Echevarria is currently a professor of strategy at the US Army War College. He’s held the General Douglas MacArthur Chair of Research and the Elihu Root Chair of Military Studies and is the author of six books on military strategy.
So, Dr. Hoffman, a lot has happened since we published your article. I’m really looking forward to this conversation today. My first question, in fact, did you get what you were hoping for from the new National Defense Strategy [NDS]?
Dr. Frank G. Hoffman
Yes, [I am] satisfied. I have a certain sympathy for folks who write strategy documents, and so, I know how difficult it is, and I know that these documents have to talk to many audiences. And, you know, you could chop up the 10, 12 pages of actual texts of the summary that’s out there and see that it’s talking to the White House, that it’s talking to allies, it’s talking to adversaries, it’s talking to commercial vendors. I mean, it has a lot of audiences, and I’ve seen a lot of criticisms, and I’m sympathetic because I’ve been in the shoes of [those] trying to edit or craft a couple of these in my prior life.
But, I was pleased with the framework.
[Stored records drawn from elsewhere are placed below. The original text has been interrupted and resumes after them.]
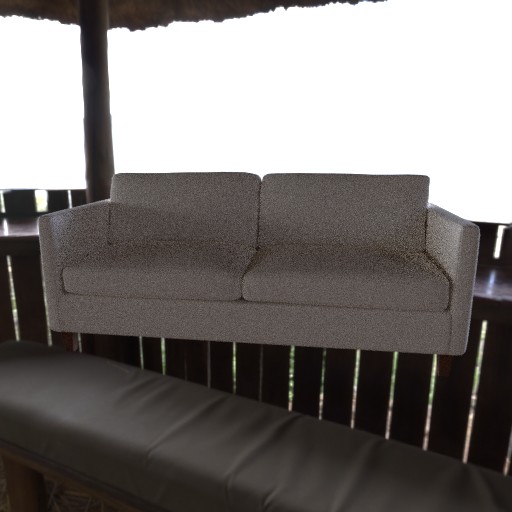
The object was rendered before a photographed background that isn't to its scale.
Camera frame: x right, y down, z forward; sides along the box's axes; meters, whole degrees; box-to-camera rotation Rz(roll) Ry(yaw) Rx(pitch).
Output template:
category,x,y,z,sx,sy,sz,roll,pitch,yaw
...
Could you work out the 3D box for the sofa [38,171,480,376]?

It has some clarity to it. I think like Dr. E. [Echevarria], I took out all the op [operations] art terminology from the 2018 Strategy, things like lines of effort and things that aren’t as strategic, and I tried to, you know, visualize a theory of success for our strategy. And, I don’t get that necessarily out of these four elements, but the way they are clearly stated and prioritized, I agree with that, and it’s largely in sync with my article—with some improvements.
Host
I feel very fortunate to have two such esteemed strategists in the studio with me today, and I'm curious how each of you see theory informing the recently published NDS.
And also, where do theory and force planning realities collide most sharply?
Hoffman
On the theoretical part, dealing with strategy per se, you know, one of the things I’ve written about, I think Dr. E’s written about [it], too, is the importance of a theory of success, which I think deals with the ways of a strategy.
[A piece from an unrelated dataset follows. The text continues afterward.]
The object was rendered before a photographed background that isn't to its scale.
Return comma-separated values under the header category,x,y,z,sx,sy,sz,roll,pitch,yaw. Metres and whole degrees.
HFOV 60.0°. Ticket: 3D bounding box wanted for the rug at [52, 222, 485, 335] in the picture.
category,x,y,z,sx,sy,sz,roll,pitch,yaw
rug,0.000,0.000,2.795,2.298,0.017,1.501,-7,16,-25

Of course, it’s also important to have coherence between the ends, ways, and the means. One of the reasons I was writing my article over a year ago was the insolvency problem, which really deals with the means gap.
So, I don’t see an overarching integrated theory of success for the four elements, but I do see—particularly for the China component of the strategy—a clear theory of success expressed. The foundation for that was in the 2018 Strategy. It’s [from] some of Mr. [Elbridge A.] Colby’s writings in his book in the past. So, I see that imprinted in there, and that’s the part of theory that I see practically employed in the Strategy.
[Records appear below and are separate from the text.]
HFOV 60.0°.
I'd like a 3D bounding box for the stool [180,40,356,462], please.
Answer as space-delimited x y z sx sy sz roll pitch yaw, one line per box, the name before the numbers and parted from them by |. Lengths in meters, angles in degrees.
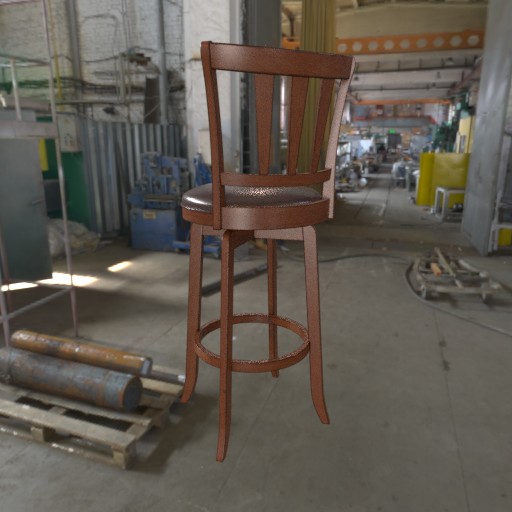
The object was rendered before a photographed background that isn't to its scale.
stool | 0.000 0.000 1.430 0.464 1.177 0.503 -8 17 -27
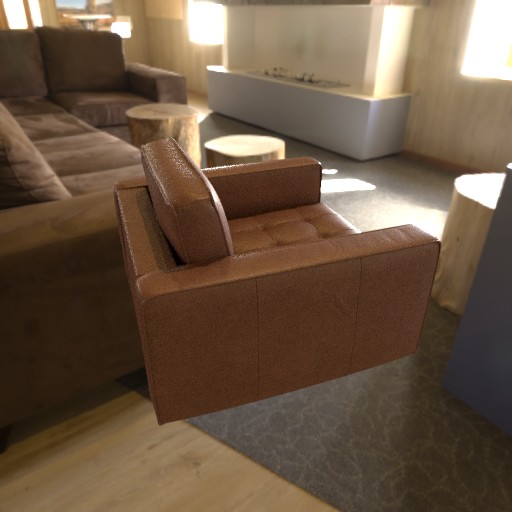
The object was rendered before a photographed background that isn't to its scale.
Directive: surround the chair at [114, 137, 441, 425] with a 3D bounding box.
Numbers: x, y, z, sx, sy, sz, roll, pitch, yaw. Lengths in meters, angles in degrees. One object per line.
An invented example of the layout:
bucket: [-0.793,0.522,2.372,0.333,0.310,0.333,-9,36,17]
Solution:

But I do think that the NDS Summary, as I understand it—I understand it’s just a shell and the budget hasn’t been submitted, but I don’t see the Strategy as written for closing the insolvency gap very much. It’s not a compelling or persuasive story for Congress to fund the gaps that I’ve seen in the past, which are mentioned in the Strategy. The president has talked about a very large increase in the means, but I haven’t seen that submitted to the Hill. And this Strategy won’t lift up the attention of Congress on what to do with that money. It’s sort of written as a strategy that makes trade-offs that are pretty clear about Europe for Asia and the Middle East and things. It’s a strategy that’s largely trying to make [the most of] the harsh, constrained resources, which is applaudable, but it’s not a compelling story for a change if that’s what the president really wants.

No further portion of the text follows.